Kevin Lewis May 1st, 2009 06:03 PM

How do you generate income?
 
While some focus on weddings and others focus on corporate stuff, what do you do in order to make your camera pay for itself?

Warren Kawamoto May 1st, 2009 07:59 PM

It depends on your camera. It dictates your jobs. For example, shoot a couple of $2K weddings and your Sony PD-170 is paid for. Shoot a couple of $50K commercials with the F900 and it's paid for. However, it won't make sense to shoot weddings with an F900.

Tony Sal May 4th, 2009 03:51 AM

Your camera doesn't really dictate your jobs. Don't let your kit hold you back, if your up to higher budget work then take it and hire the kit in.

Douglas Thigpen May 4th, 2009 10:45 AM

Any way I can. Though I have found that filming cheesy sequences for magicians for their web site against a green screen makes me more money than a feature length documentary... Sad, really.
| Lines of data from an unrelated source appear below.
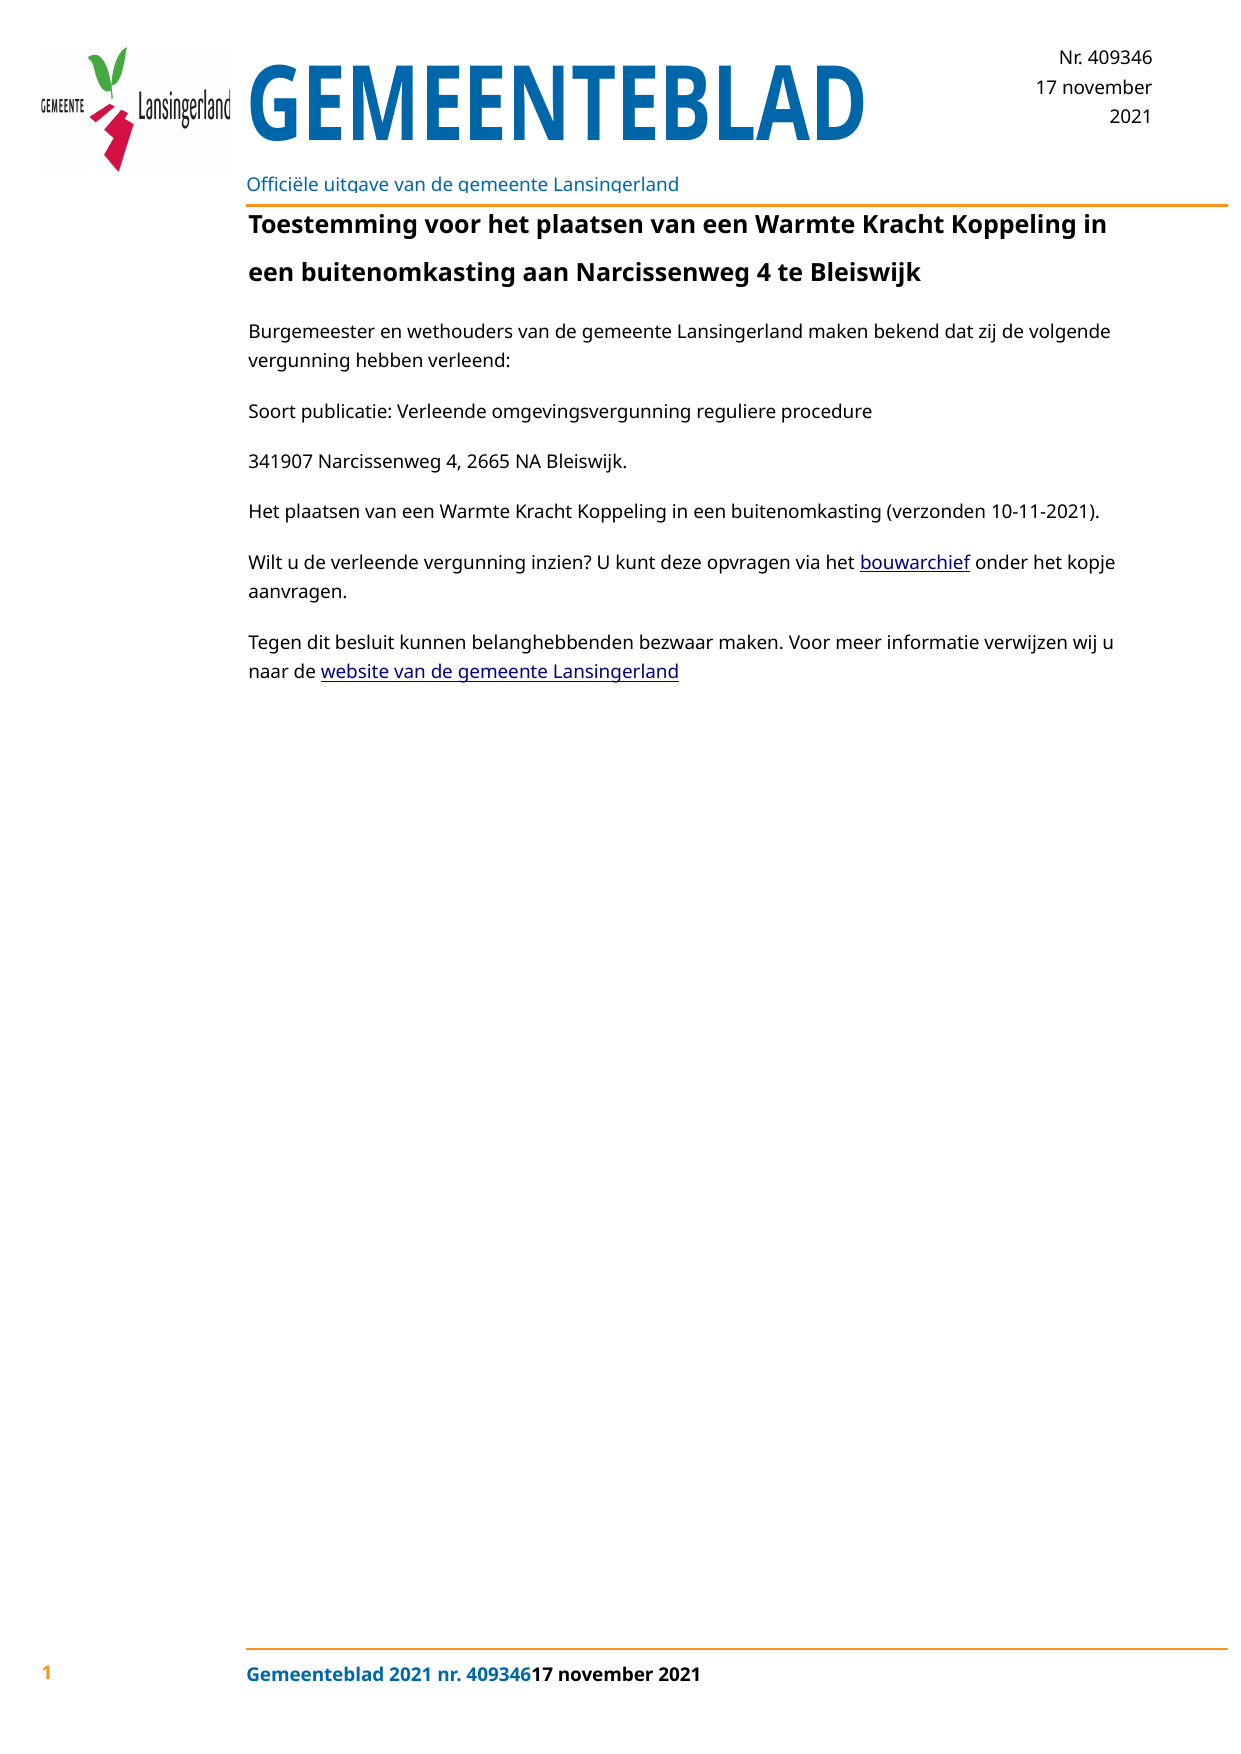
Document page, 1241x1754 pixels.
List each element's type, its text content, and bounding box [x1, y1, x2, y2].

text Het plaatsen van een Warmte Kracht Koppeling in een buitenomkasting (verzonden 10-11-2021). [248, 499, 1152, 524]
text Toestemming voor het plaatsen van een Warmte Kracht Koppeling in een buitenomkasting aan Narcissenweg 4 te Bleiswijk [248, 207, 1152, 288]
text 341907 Narcissenweg 4, 2665 NA Bleiswijk. [248, 448, 1152, 474]
text Soort publicatie: Verleende omgevingsvergunning reguliere procedure [248, 398, 1152, 424]
text Tegen dit besluit kunnen belanghebbenden bezwaar maken. Voor meer informatie verwijzen wij u naar de website van de gemeente Lansingerland [248, 629, 1152, 684]
text Burgemeester en wethouders van de gemeente Lansingerland maken bekend dat zij de volgende vergunning hebben verleend: [248, 318, 1152, 373]
picture [41, 47, 231, 172]
text Wilt u de verleende vergunning inzien? U kunt deze opvragen via het bouwarchief onder het kopje aanvragen. [248, 549, 1152, 604]

Chris Hurd May 4th, 2009 10:51 AM

Moved from Open DV to TCB.

Chris Davis May 4th, 2009 12:43 PM

The price of my cameras is one of my lower costs of doing business. A $5k camera is nothing compared to rent, utilities, insurance and a $100k per year payroll.

We shoot corporate video - training, sales, promotional. We design web sites and develop web applications. We have several other smaller services, but they pretty much all relate to corporate promotion.

So instead of looking at that cool camera you bought and trying to figure out how to pay for it, look at what skills and talents you have and how you can best capitalize on them. At that point, it doesn't matter if it's a camera, a drill press or a hammer. They're simply tools to do a job.

Bill Heslip May 5th, 2009 10:32 PM

Legal work keeps me afloat during lean times. Boring? Most of the time absolutely, but the boring stuff can lead to interesting projects that actually involve creativity :).

Of course I'd rather be working on material with more positive energy (and seen by more than a jury of 12) and often do, but it's a nice niche' that pays well and is recession-proof.

http://www.treehousemedia.net

Kevin McRoberts May 6th, 2009 11:02 PM

I have about 3 major clients that make up the bulk of my work: a church, another local NFP, and a scientific media company. I could live off that, but I keep trying to get more work so I can pay of my mortgage early and stock up on, oh, I dunno, gold bars and Whatchamacallits.